The front page of today’s Wall Street Journal headlined: “FedEx Customers Flee Next-Day”; “Oracle’s Sales Stall”; and “Suntech’s Bankruptcy Rattles US Investors”.  Add todays’ poor earnings result from Caterpillar and the bad news is liable to gain traction.  I’ll ignore the Chinese company, Suntech, but earnings disappointments from a Tech company (Oracle); a transportation company (FedEx); and the bellwether cyclical stock (Caterpillar), are a trifecta of very good reasons for a stock sell-off.

The S&P 500 was 9.9% above its 200-dMA at the 14 Mar 1563 high.  As I wrote a while back, that was about my guess for a short term top and that remains my best guess although it’s still possible the markets could get another 5% higher.  Currently, the market internals I track are trending flat to slightly down without enough conviction to indicate where the market is headed.

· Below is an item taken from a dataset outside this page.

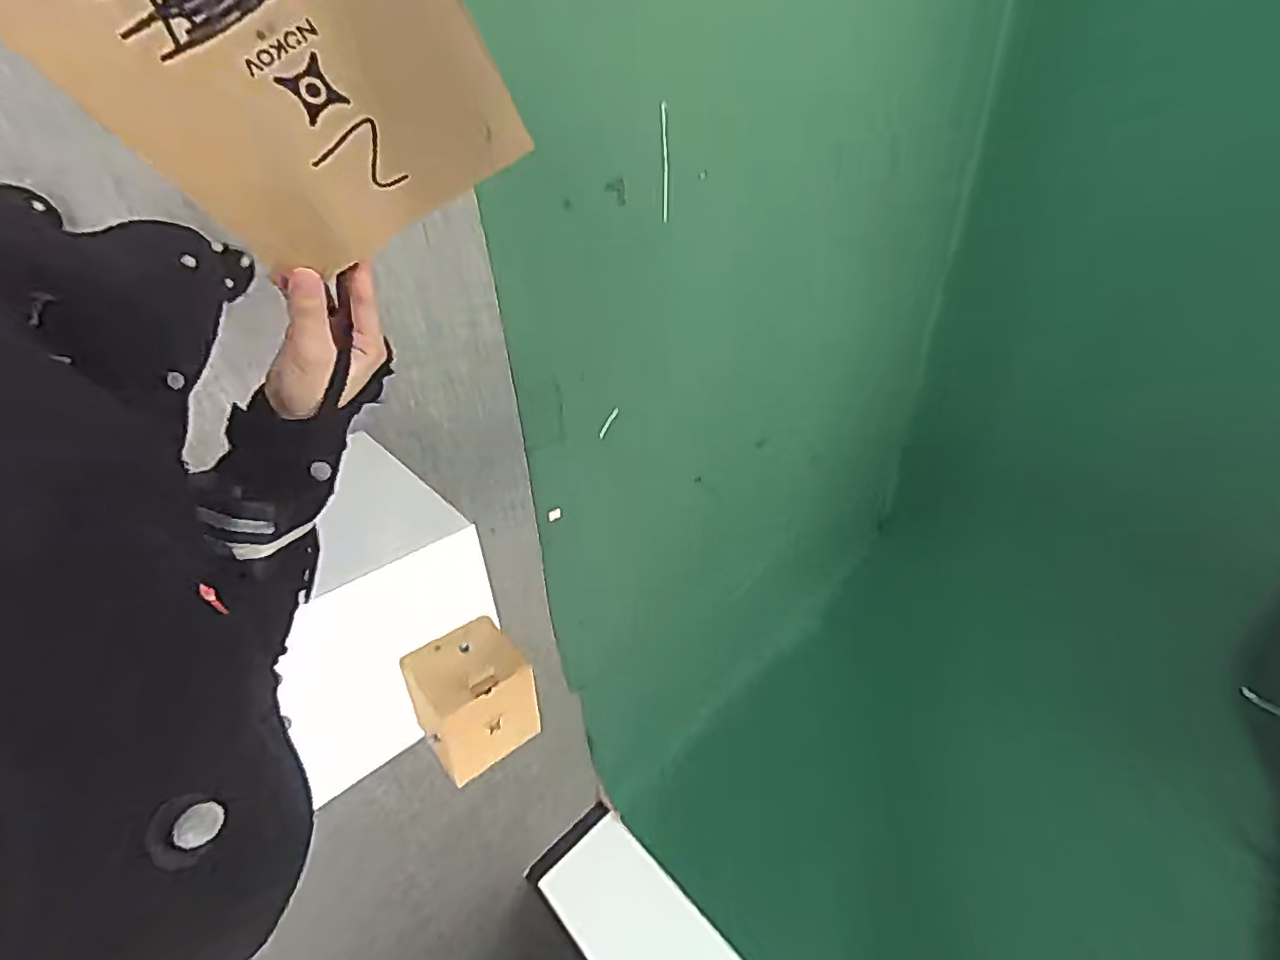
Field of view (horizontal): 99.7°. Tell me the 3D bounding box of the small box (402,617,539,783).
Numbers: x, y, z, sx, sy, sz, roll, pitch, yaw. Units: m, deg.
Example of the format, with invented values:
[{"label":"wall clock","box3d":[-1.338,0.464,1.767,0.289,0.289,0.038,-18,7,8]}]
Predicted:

I saw a discussion on CNBC where an ardent Bull said he was bullish because earnings were at an all-time high.  Frankly, that is actually a fact that should cause thoughtful investors to take some money off the table.  If earnings are at an all-time high (and they are), then the only way forward is down.  Falling earnings (or even stalled earnings growth, will take the markets down.

Action during the last hour of the day, the so called “Smart Money” has been trending down slightly since the recent run-up started in December of 2012, but the market was down sharply in the last hour today.

If this is the long awaited correction, I’d expect a 10% correction assuming we don’t get bad news along the way.  That may be a bad assumption given the news from Europe.

MARKET RECAP
Thursday, the S&P 500 finished down 0.8% to 1546 (rounded). VIX was up 10% to 13.99.

NTSM
Thursday, the NTSM analysis remained HOLD at the close.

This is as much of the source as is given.